It’s been a while since I’ve been keeping up with FrescoVA and figured I’d start now that we’re well into the new year – belated resolution. More than anything this will be a journal so that I can look back and revisit what I’ve done in the past.

So, with that said I figured I’d start with compiling a list of the books I consumed this past year (2017).
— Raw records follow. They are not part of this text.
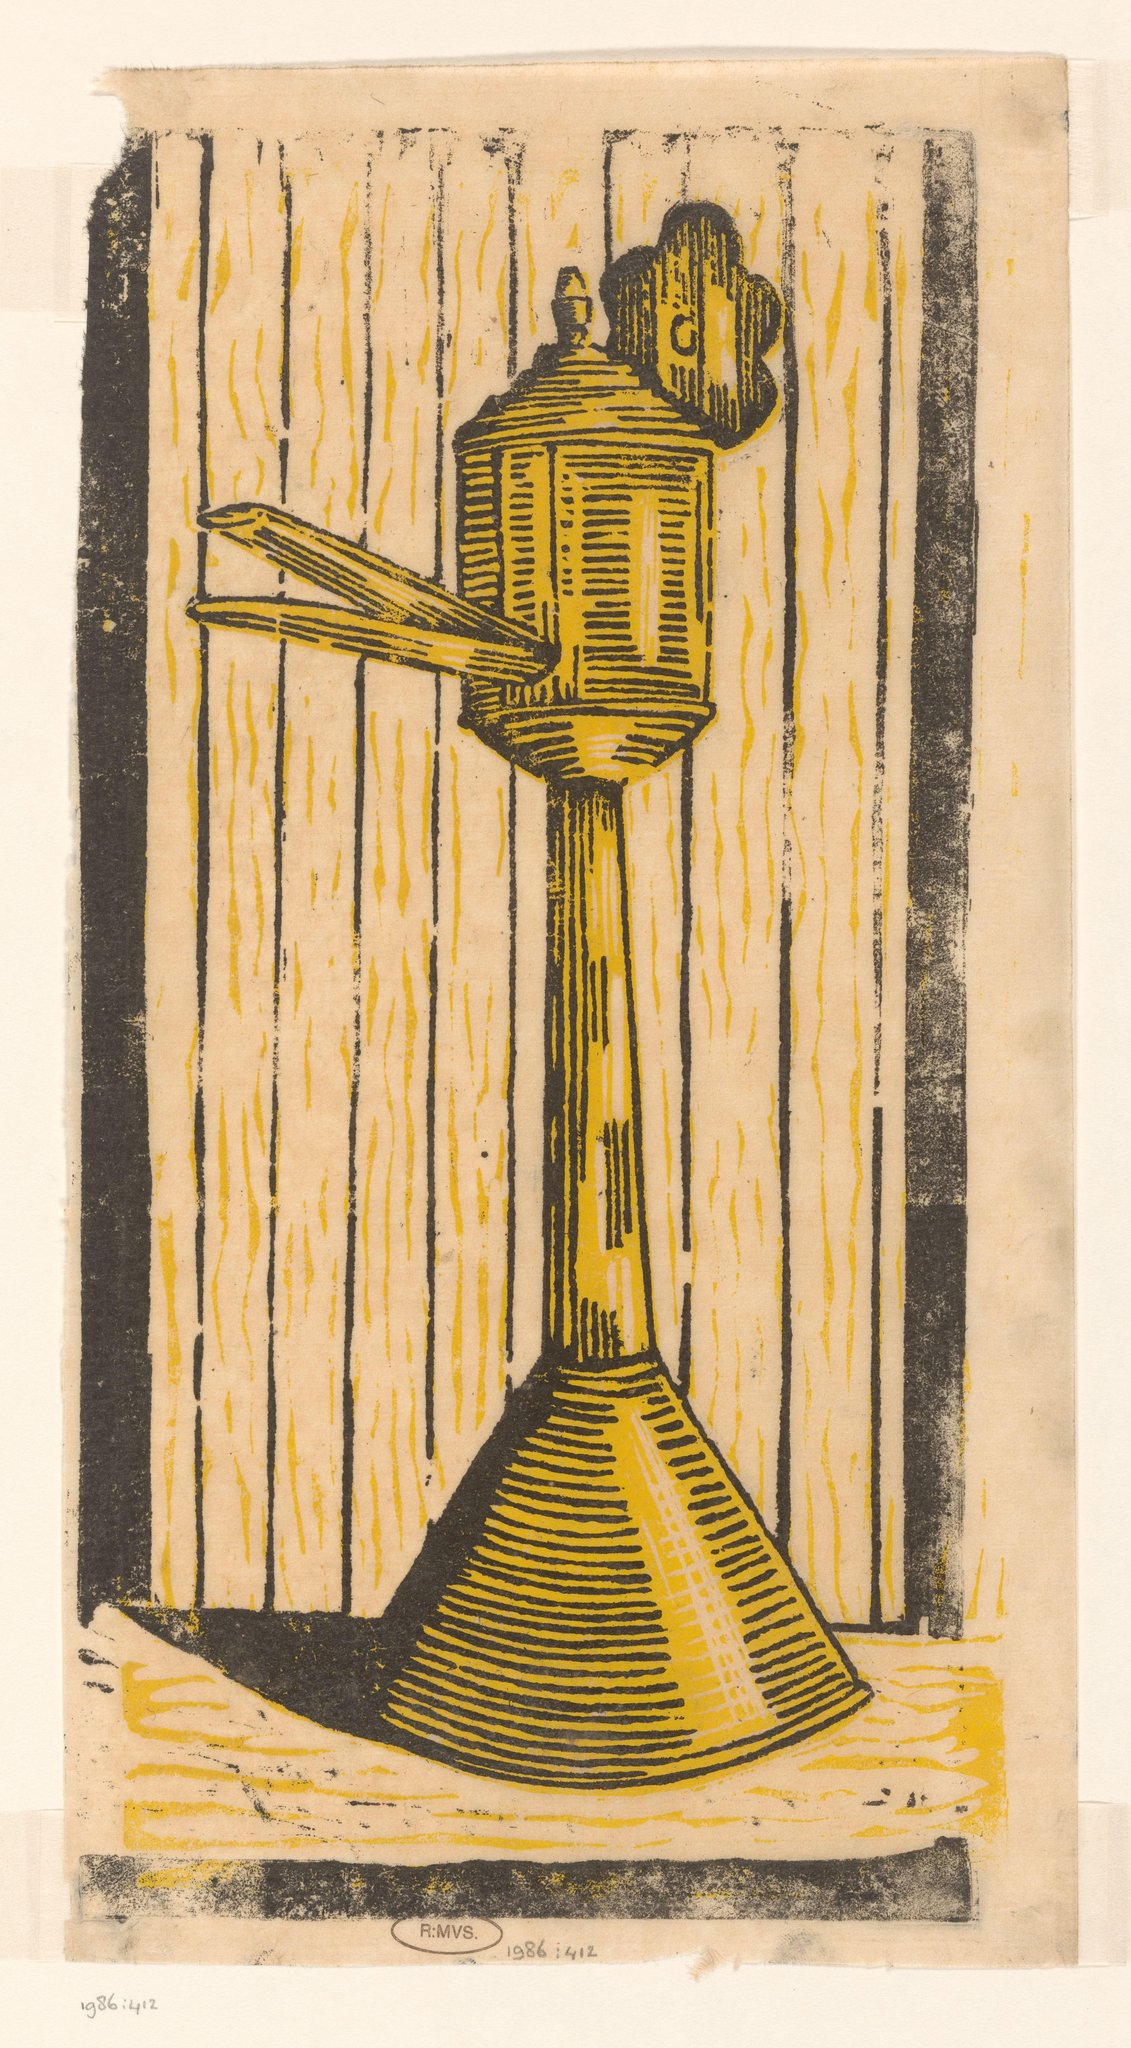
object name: print
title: Lantaarn
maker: reinier willem petrus de vries (1874-1953)
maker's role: draughtsman, print maker
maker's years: 1874-1953
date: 1884-1952
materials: paper
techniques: linocut
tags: lantern
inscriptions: collector's mark: Lugt 2228
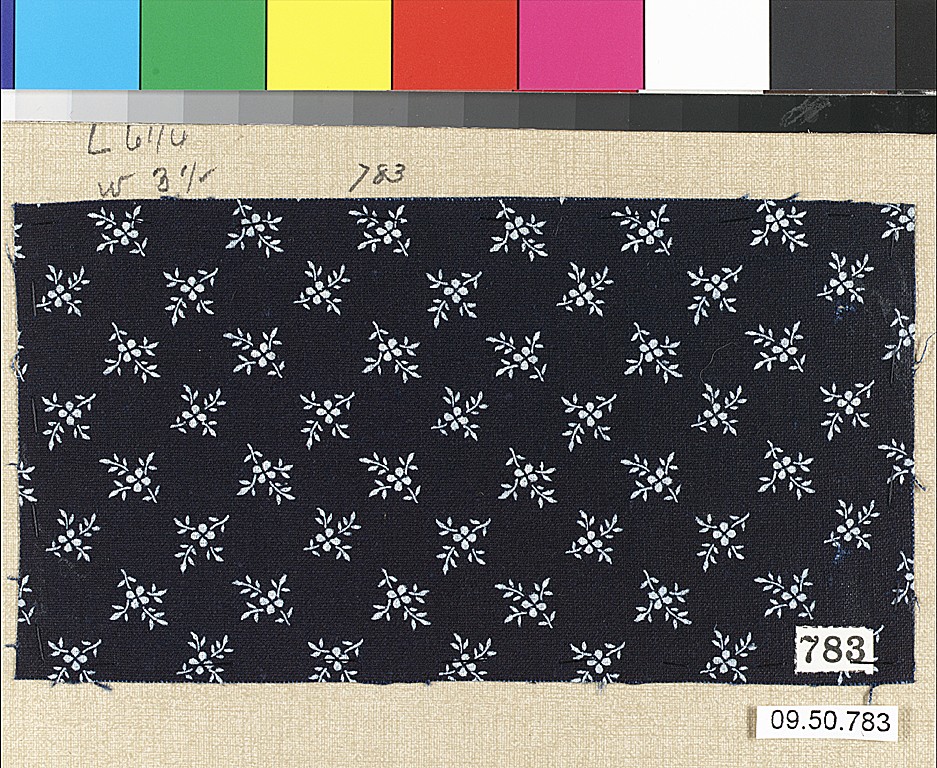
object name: piece
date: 1801-1900
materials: cotton
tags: flowers,leaves

The majority of them I have listened to on my daily commute to and from work.

They’re listed in chronological order, with the first book of the year at the top of the list; this way it provides a glimpse as to why I may have read the next book on the list.
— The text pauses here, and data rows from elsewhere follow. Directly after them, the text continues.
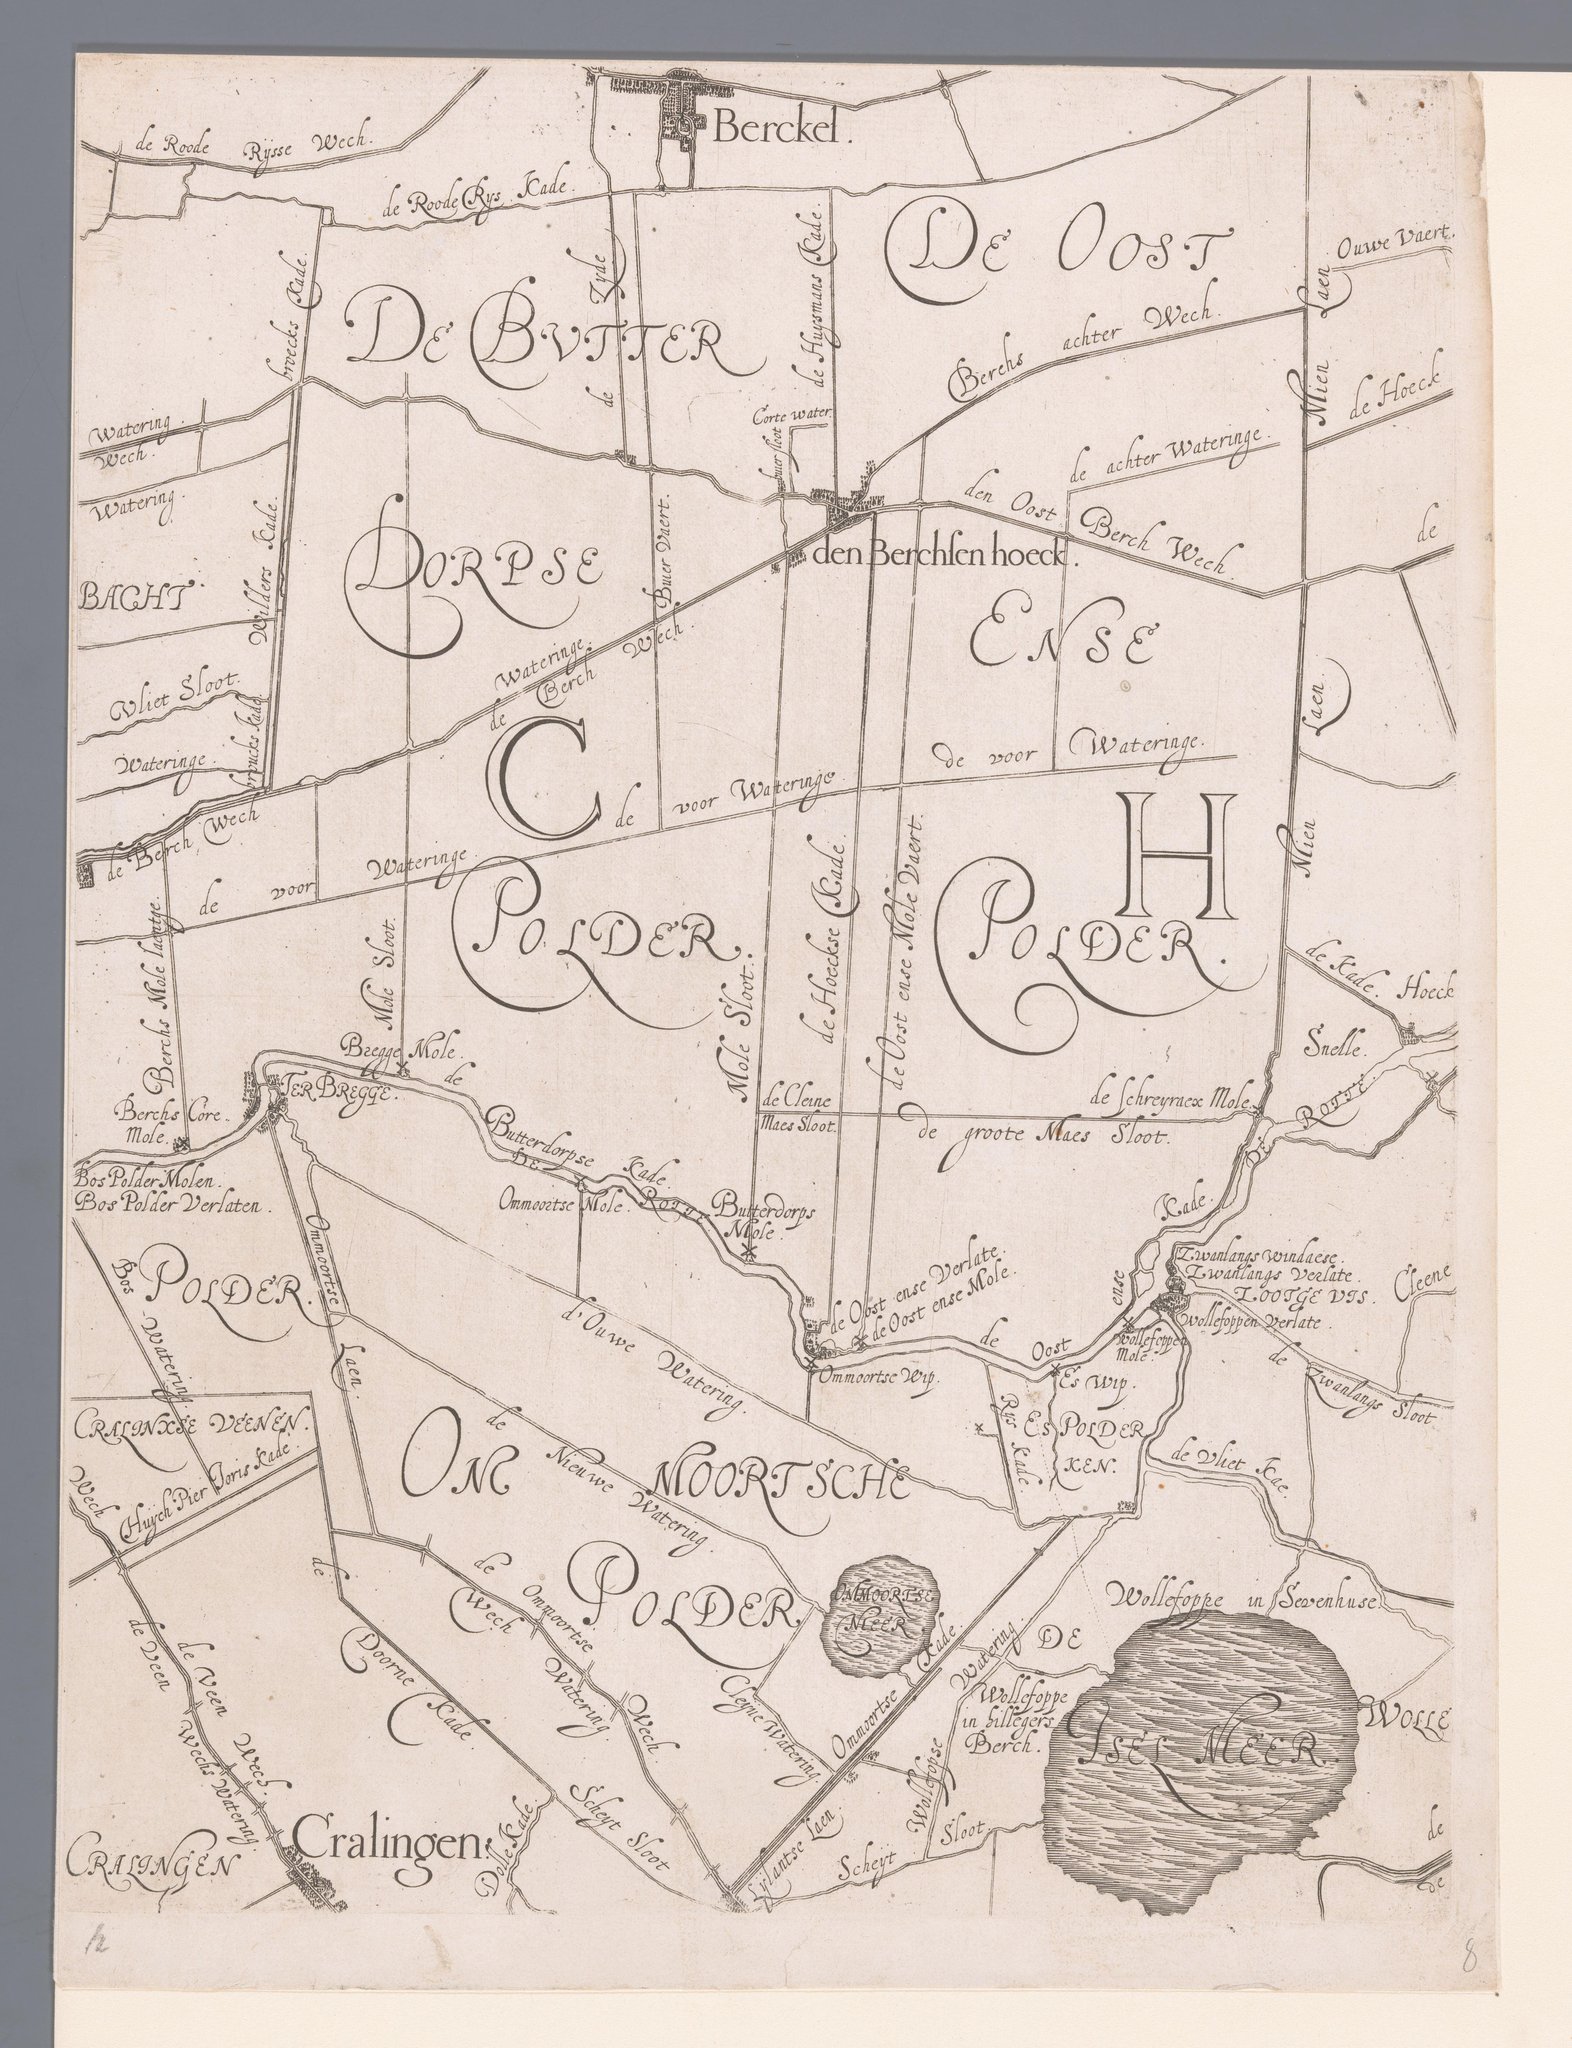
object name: print
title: Kaart van het Hoogheemraadschap van Schieland, met Berkel en Bergschenhoek
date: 1611-1635
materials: paper
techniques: engraving, etching
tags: maps of separate countries or regions, armorial bearing, heraldry
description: Deze kaart is tussen 1611 en 1635 vijf keer uitgegeven zonder dat de platen zijn bijgewerkt. Onduidelijk tot welke uitgave dit exemplaar behoort.

Hit me up if you want more info on any of these books…

Van Halen Rising: How a Southern California Backyard Party Band Saved Heavy Metal
Greg Renoff
Love Van Halen and David Lee Roth. This book provided some great historical perspective as to how the band came to be and how the relationship of its members evolved over the years. If you like Van Halen I highly recommend it.

Catch 22
Joseph Heller
Brilliant. Can’t believe I waited so long to read this book. It made me understand a lot of the bureaucratic nonsense I saw while in the Army. Hysterical and utterly disturbing at the same time; Full of the sarcastic humor I tend to love. This was my favorite read of the year. I’m definitely coming back to it.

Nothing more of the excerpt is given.